» Work instruction
Find the line in the entries below that contains "Answer in list". Repeat it exactly, and every line after it through the line that contains "16. toy wagon [318,238,393,315]".

(Records provided begins)

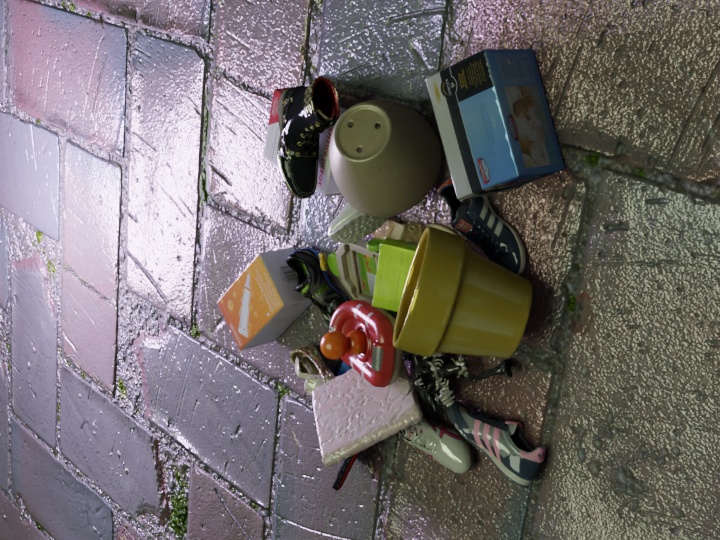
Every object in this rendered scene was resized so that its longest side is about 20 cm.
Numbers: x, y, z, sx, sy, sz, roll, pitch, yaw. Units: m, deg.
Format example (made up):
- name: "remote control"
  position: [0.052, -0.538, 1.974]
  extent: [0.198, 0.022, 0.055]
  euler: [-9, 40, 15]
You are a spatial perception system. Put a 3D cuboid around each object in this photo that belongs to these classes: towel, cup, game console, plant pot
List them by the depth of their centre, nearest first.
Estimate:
- name: "plant pot"
  position: [0.167, 0.051, 1.543]
  extent: [0.186, 0.201, 0.203]
  euler: [16, 118, -3]
- name: "cup"
  position: [0.025, -0.209, 1.634]
  extent: [0.197, 0.143, 0.203]
  euler: [-5, 74, 18]
- name: "towel"
  position: [0.007, 0.249, 1.768]
  extent: [0.198, 0.032, 0.192]
  euler: [-29, 36, 9]
- name: "game console"
  position: [-0.038, 0.296, 1.898]
  extent: [0.117, 0.173, 0.202]
  euler: [26, 122, 4]

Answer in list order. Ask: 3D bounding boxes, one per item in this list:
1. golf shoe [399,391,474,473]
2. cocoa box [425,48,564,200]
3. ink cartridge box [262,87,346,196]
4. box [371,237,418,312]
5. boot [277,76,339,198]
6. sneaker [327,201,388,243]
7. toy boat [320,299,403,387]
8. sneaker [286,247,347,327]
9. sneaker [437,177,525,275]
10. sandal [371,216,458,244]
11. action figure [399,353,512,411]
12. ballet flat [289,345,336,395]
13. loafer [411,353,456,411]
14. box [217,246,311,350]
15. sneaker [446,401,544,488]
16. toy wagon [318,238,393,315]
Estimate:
- name: "golf shoe"
  position: [0.118, 0.305, 1.755]
  extent: [0.199, 0.091, 0.073]
  euler: [39, 124, 32]
- name: "cocoa box"
  position: [0.211, -0.229, 1.505]
  extent: [0.130, 0.132, 0.203]
  euler: [-18, 86, 46]
- name: "ink cartridge box"
  position: [-0.089, -0.249, 1.849]
  extent: [0.199, 0.082, 0.149]
  euler: [33, 120, 37]
- name: "box"
  position: [0.125, 0.024, 1.670]
  extent: [0.197, 0.048, 0.124]
  euler: [13, 112, 14]
- name: "boot"
  position: [-0.091, -0.237, 1.714]
  extent: [0.153, 0.073, 0.207]
  euler: [-5, 89, 64]
- name: "sneaker"
  position: [0.017, -0.128, 1.738]
  extent: [0.199, 0.076, 0.081]
  euler: [-37, 64, 7]
- name: "toy boat"
  position: [-0.012, 0.131, 1.747]
  extent: [0.200, 0.129, 0.133]
  euler: [-148, 59, -62]
- name: "sneaker"
  position: [-0.088, 0.046, 1.915]
  extent: [0.071, 0.082, 0.201]
  euler: [-47, 66, 41]
- name: "sneaker"
  position: [0.194, -0.069, 1.595]
  extent: [0.201, 0.084, 0.075]
  euler: [57, 133, 20]
- name: "sandal"
  position: [0.082, -0.050, 1.725]
  extent: [0.210, 0.069, 0.079]
  euler: [20, 113, 42]
- name: "action figure"
  position: [0.151, 0.169, 1.641]
  extent: [0.198, 0.102, 0.120]
  euler: [-22, 79, 19]
- name: "ballet flat"
  position: [-0.092, 0.217, 1.929]
  extent: [0.200, 0.063, 0.077]
  euler: [46, 126, 55]
- name: "loafer"
  position: [0.128, 0.151, 1.736]
  extent: [0.069, 0.068, 0.204]
  euler: [-11, 88, 13]
- name: "box"
  position: [-0.198, 0.061, 2.022]
  extent: [0.200, 0.097, 0.125]
  euler: [-45, 67, 42]
- name: "sneaker"
  position: [0.236, 0.278, 1.656]
  extent: [0.200, 0.070, 0.083]
  euler: [41, 109, 29]
- name: "toy wagon"
  position: [0.000, 0.000, 1.823]
  extent: [0.199, 0.039, 0.157]
  euler: [21, 130, 43]

(Records provided ends)

» Solution for this task
Answer in list order. Ask: 3D bounding boxes, one per item in this list:
1. golf shoe [399,391,474,473]
2. cocoa box [425,48,564,200]
3. ink cartridge box [262,87,346,196]
4. box [371,237,418,312]
5. boot [277,76,339,198]
6. sneaker [327,201,388,243]
7. toy boat [320,299,403,387]
8. sneaker [286,247,347,327]
9. sneaker [437,177,525,275]
10. sandal [371,216,458,244]
11. action figure [399,353,512,411]
12. ballet flat [289,345,336,395]
13. loafer [411,353,456,411]
14. box [217,246,311,350]
15. sneaker [446,401,544,488]
16. toy wagon [318,238,393,315]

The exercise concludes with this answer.